ASSIGNED TASK » Scan the material below and copy every line holding the word "object".

DATA »
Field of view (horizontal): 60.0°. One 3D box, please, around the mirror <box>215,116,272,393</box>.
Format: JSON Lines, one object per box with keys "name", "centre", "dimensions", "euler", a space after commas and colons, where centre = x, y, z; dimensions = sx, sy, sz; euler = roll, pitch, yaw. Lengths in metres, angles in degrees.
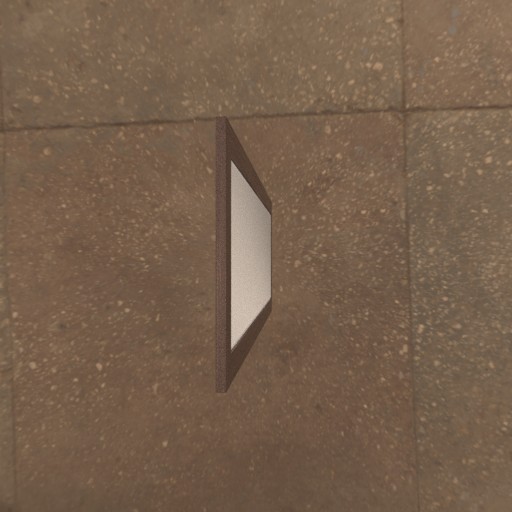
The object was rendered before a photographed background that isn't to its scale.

TASK SOLUTION »
Format: JSON Lines, one object per box with keys "name", "centre", "dimensions", "euler", a space after commas and colons, where centre = x, y, z; dimensions = sx, sy, sz; euler = roll, pitch, yaw. Lengths in metres, angles in degrees.
The object was rendered before a photographed background that isn't to its scale.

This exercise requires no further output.